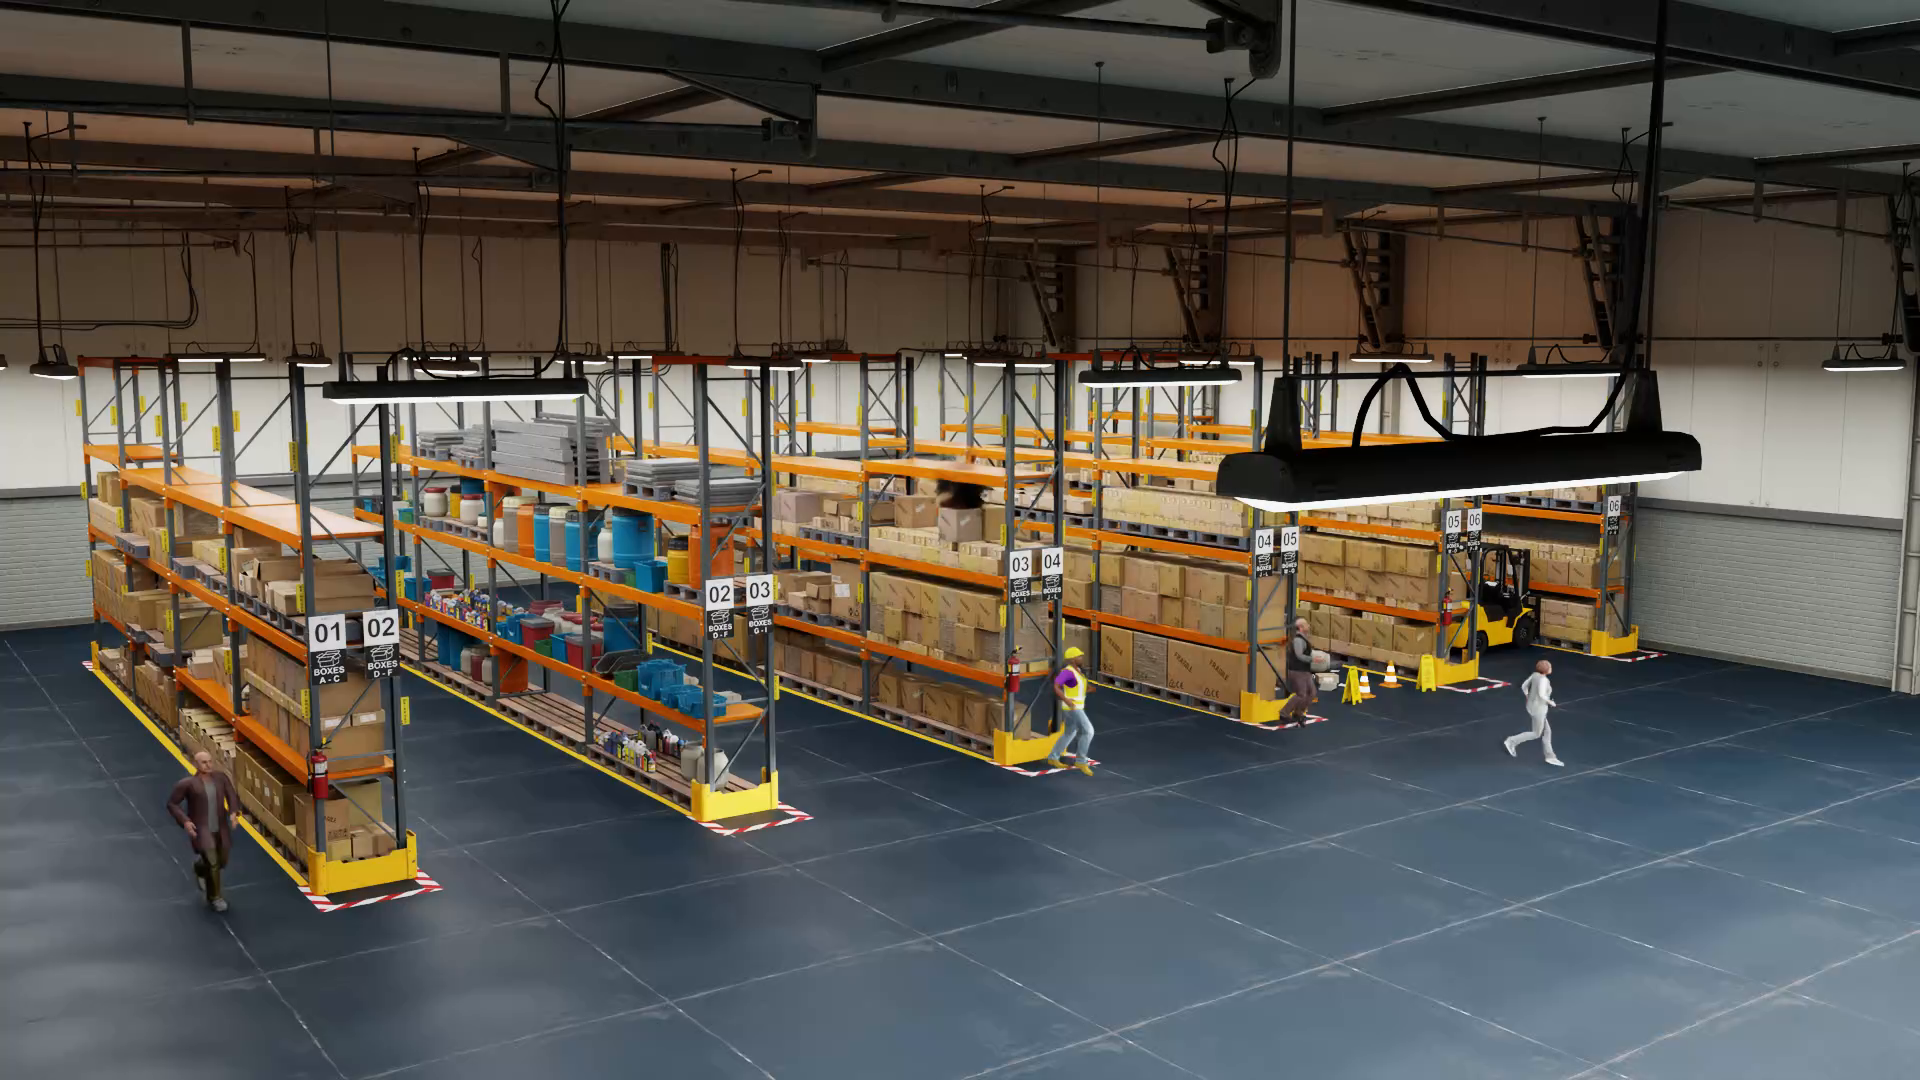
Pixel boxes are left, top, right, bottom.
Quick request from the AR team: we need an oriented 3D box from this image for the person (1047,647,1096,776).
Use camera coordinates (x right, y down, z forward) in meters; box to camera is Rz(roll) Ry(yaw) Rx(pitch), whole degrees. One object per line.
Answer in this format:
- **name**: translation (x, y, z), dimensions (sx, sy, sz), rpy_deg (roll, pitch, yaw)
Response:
- **person**: translation (1.580, 2.400, 23.536), dimensions (0.688, 1.792, 0.689), rpy_deg (1, 7, 7)

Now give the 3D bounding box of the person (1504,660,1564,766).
- **person**: translation (8.543, 2.564, 24.719), dimensions (0.878, 1.585, 0.565), rpy_deg (0, 7, 1)

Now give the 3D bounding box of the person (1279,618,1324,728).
- **person**: translation (5.419, 2.121, 26.335), dimensions (0.695, 1.780, 0.688), rpy_deg (2, 7, 17)

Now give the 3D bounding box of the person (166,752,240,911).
- **person**: translation (-8.442, 3.216, 18.579), dimensions (0.840, 1.745, 0.745), rpy_deg (5, 9, 37)

* _Task to carry out_: Please reprint the whole listing exactly and omit its pictures.

* _Output below_:
Pixel boxes are left, top, right, bottom.
Quick request from the AR team: we need an oriented 3D box from this image for the person (1047,647,1096,776).
Use camera coordinates (x right, y down, z forward) in meters; box to camera is Rz(roll) Ry(yaw) Rx(pitch), whole degrees. One object per line.
Answer in this format:
- **name**: translation (x, y, z), dimensions (sx, sy, sz), rpy_deg (roll, pitch, yaw)
Response:
- **person**: translation (1.580, 2.400, 23.536), dimensions (0.688, 1.792, 0.689), rpy_deg (1, 7, 7)

Now give the 3D bounding box of the person (1504,660,1564,766).
- **person**: translation (8.543, 2.564, 24.719), dimensions (0.878, 1.585, 0.565), rpy_deg (0, 7, 1)

Now give the 3D bounding box of the person (1279,618,1324,728).
- **person**: translation (5.419, 2.121, 26.335), dimensions (0.695, 1.780, 0.688), rpy_deg (2, 7, 17)

Now give the 3D bounding box of the person (166,752,240,911).
- **person**: translation (-8.442, 3.216, 18.579), dimensions (0.840, 1.745, 0.745), rpy_deg (5, 9, 37)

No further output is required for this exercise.